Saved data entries
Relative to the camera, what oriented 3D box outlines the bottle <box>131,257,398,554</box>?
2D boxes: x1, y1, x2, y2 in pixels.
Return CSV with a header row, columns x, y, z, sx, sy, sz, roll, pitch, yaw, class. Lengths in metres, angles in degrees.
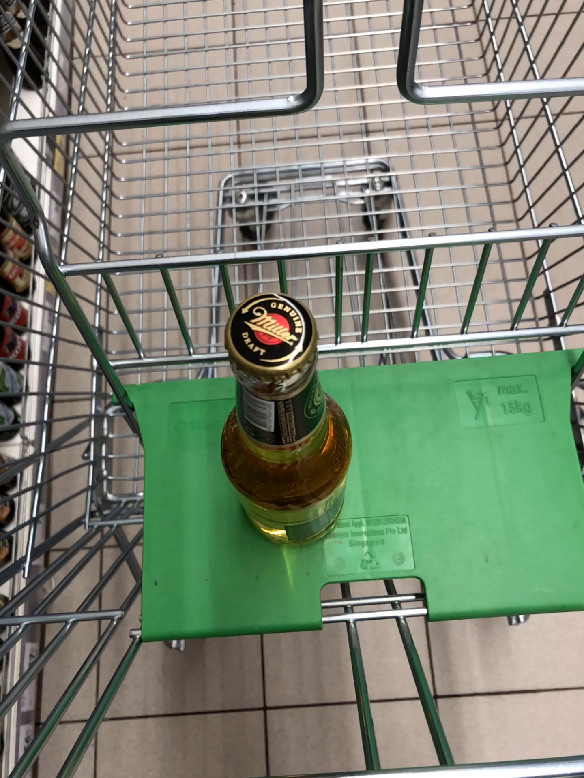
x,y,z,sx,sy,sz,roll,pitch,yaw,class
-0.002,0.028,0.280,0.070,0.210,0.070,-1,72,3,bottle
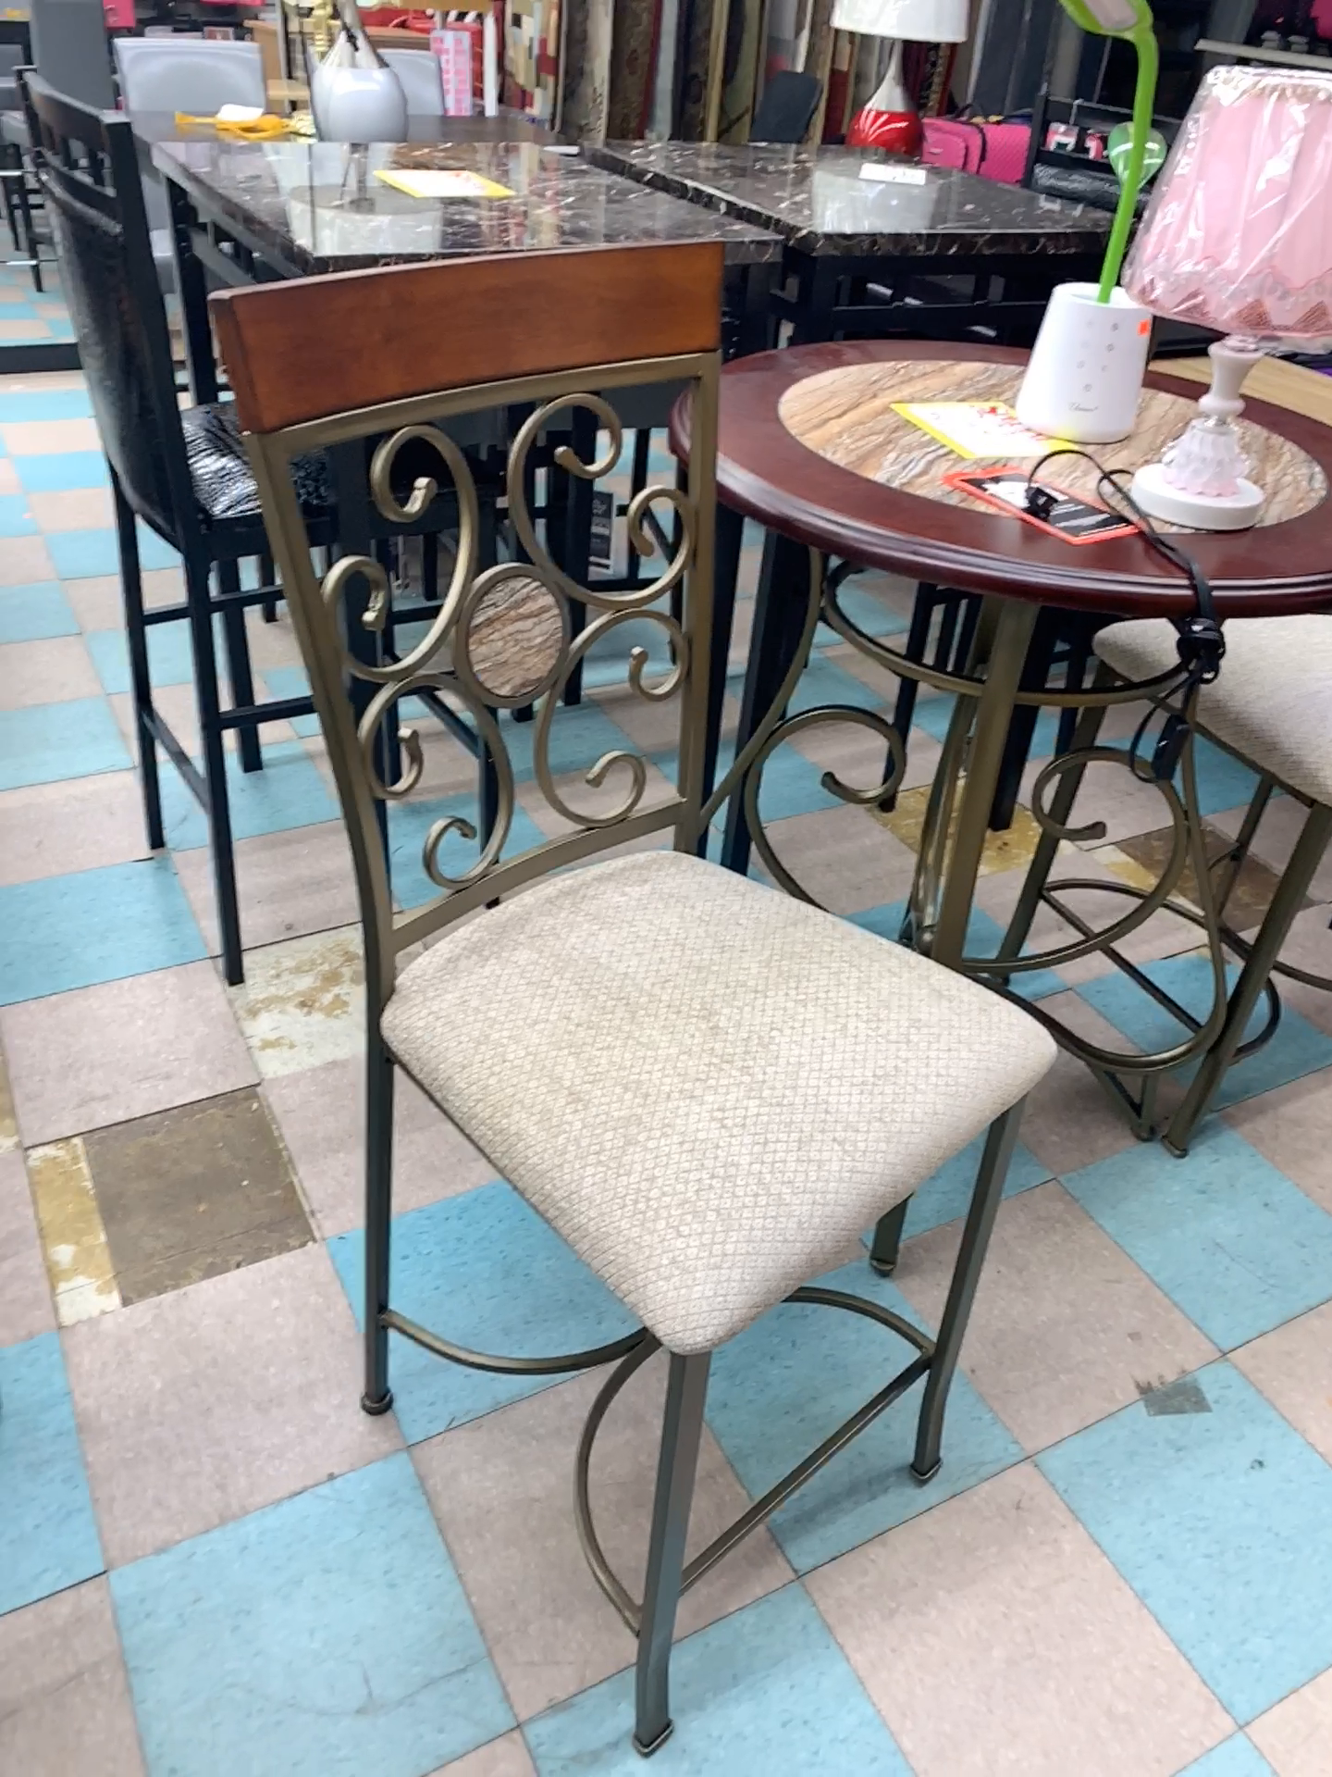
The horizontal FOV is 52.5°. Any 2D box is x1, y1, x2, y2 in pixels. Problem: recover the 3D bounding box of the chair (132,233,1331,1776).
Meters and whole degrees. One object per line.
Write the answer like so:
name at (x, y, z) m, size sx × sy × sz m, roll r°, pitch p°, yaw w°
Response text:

Activity:
All the records above must be retyped exactly, except for their pictures.

Exercise result:
Relative to the camera, what oriented 3D box outlines the bottle <box>131,257,398,554</box>?
2D boxes: x1, y1, x2, y2 in pixels.
Return CSV with a header row, columns x, y, z, sx, sy, sz, roll, pitch, yaw, class. Lengths in metres, angles in degrees.
x,y,z,sx,sy,sz,roll,pitch,yaw,class
-0.002,0.028,0.280,0.070,0.210,0.070,-1,72,3,bottle
The horizontal FOV is 52.5°. Any 2D box is x1, y1, x2, y2 in pixels. Problem: recover the 3D bounding box of the chair (132,233,1331,1776).
Meters and whole degrees. One object per line.
Write the answer like so:
name at (x, y, z) m, size sx × sy × sz m, roll r°, pitch p°, yaw w°
Response text:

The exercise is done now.